• **Exercise**:
Line by line, copy the listing below exactly.

====== The records ======

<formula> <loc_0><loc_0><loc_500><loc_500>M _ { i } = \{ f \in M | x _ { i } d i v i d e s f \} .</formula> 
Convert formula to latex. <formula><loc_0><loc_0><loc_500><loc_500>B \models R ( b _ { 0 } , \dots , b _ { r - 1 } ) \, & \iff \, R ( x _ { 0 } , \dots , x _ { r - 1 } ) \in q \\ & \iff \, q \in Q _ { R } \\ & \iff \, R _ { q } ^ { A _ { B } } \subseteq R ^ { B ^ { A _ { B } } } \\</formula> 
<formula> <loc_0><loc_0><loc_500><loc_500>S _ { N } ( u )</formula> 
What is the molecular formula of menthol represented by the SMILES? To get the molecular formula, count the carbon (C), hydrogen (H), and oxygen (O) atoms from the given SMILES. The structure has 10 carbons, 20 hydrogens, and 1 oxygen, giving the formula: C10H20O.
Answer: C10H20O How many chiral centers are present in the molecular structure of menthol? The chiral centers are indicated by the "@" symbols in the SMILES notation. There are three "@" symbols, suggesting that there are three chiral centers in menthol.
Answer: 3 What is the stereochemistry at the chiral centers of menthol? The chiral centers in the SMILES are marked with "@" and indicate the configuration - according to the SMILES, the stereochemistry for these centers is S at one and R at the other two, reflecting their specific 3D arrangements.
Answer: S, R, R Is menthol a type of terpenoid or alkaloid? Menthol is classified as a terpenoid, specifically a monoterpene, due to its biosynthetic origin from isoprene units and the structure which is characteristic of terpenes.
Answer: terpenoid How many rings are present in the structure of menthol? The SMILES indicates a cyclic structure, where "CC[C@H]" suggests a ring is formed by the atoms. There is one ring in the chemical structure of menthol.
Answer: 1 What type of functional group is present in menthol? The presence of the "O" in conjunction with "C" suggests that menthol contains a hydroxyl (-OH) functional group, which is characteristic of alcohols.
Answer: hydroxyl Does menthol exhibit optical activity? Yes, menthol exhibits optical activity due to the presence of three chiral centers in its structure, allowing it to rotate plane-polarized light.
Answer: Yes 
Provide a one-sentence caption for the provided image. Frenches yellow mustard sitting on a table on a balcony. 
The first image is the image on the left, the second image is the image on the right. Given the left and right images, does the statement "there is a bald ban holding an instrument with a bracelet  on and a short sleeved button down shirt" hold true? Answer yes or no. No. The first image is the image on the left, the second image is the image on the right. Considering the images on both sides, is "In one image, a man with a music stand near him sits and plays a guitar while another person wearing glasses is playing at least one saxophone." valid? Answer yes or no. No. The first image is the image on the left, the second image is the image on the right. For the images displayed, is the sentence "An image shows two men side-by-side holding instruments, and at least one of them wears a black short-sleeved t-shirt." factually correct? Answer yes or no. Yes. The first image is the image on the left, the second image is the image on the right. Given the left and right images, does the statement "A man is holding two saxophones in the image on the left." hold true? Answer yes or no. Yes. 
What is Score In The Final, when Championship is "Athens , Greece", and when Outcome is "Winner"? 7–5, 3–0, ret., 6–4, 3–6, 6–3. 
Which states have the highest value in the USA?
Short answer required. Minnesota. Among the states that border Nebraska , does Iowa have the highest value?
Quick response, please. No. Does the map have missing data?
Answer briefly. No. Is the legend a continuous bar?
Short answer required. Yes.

======

• **Answer section**:
<formula> <loc_0><loc_0><loc_500><loc_500>M _ { i } = \{ f \in M | x _ { i } d i v i d e s f \} .</formula> 
Convert formula to latex. <formula><loc_0><loc_0><loc_500><loc_500>B \models R ( b _ { 0 } , \dots , b _ { r - 1 } ) \, & \iff \, R ( x _ { 0 } , \dots , x _ { r - 1 } ) \in q \\ & \iff \, q \in Q _ { R } \\ & \iff \, R _ { q } ^ { A _ { B } } \subseteq R ^ { B ^ { A _ { B } } } \\</formula> 
<formula> <loc_0><loc_0><loc_500><loc_500>S _ { N } ( u )</formula> 
What is the molecular formula of menthol represented by the SMILES? To get the molecular formula, count the carbon (C), hydrogen (H), and oxygen (O) atoms from the given SMILES. The structure has 10 carbons, 20 hydrogens, and 1 oxygen, giving the formula: C10H20O.
Answer: C10H20O How many chiral centers are present in the molecular structure of menthol? The chiral centers are indicated by the "@" symbols in the SMILES notation. There are three "@" symbols, suggesting that there are three chiral centers in menthol.
Answer: 3 What is the stereochemistry at the chiral centers of menthol? The chiral centers in the SMILES are marked with "@" and indicate the configuration - according to the SMILES, the stereochemistry for these centers is S at one and R at the other two, reflecting their specific 3D arrangements.
Answer: S, R, R Is menthol a type of terpenoid or alkaloid? Menthol is classified as a terpenoid, specifically a monoterpene, due to its biosynthetic origin from isoprene units and the structure which is characteristic of terpenes.
Answer: terpenoid How many rings are present in the structure of menthol? The SMILES indicates a cyclic structure, where "CC[C@H]" suggests a ring is formed by the atoms. There is one ring in the chemical structure of menthol.
Answer: 1 What type of functional group is present in menthol? The presence of the "O" in conjunction with "C" suggests that menthol contains a hydroxyl (-OH) functional group, which is characteristic of alcohols.
Answer: hydroxyl Does menthol exhibit optical activity? Yes, menthol exhibits optical activity due to the presence of three chiral centers in its structure, allowing it to rotate plane-polarized light.
Answer: Yes 
Provide a one-sentence caption for the provided image. Frenches yellow mustard sitting on a table on a balcony. 
The first image is the image on the left, the second image is the image on the right. Given the left and right images, does the statement "there is a bald ban holding an instrument with a bracelet  on and a short sleeved button down shirt" hold true? Answer yes or no. No. The first image is the image on the left, the second image is the image on the right. Considering the images on both sides, is "In one image, a man with a music stand near him sits and plays a guitar while another person wearing glasses is playing at least one saxophone." valid? Answer yes or no. No. The first image is the image on the left, the second image is the image on the right. For the images displayed, is the sentence "An image shows two men side-by-side holding instruments, and at least one of them wears a black short-sleeved t-shirt." factually correct? Answer yes or no. Yes. The first image is the image on the left, the second image is the image on the right. Given the left and right images, does the statement "A man is holding two saxophones in the image on the left." hold true? Answer yes or no. Yes. 
What is Score In The Final, when Championship is "Athens , Greece", and when Outcome is "Winner"? 7–5, 3–0, ret., 6–4, 3–6, 6–3. 
Which states have the highest value in the USA?
Short answer required. Minnesota. Among the states that border Nebraska , does Iowa have the highest value?
Quick response, please. No. Does the map have missing data?
Answer briefly. No. Is the legend a continuous bar?
Short answer required. Yes.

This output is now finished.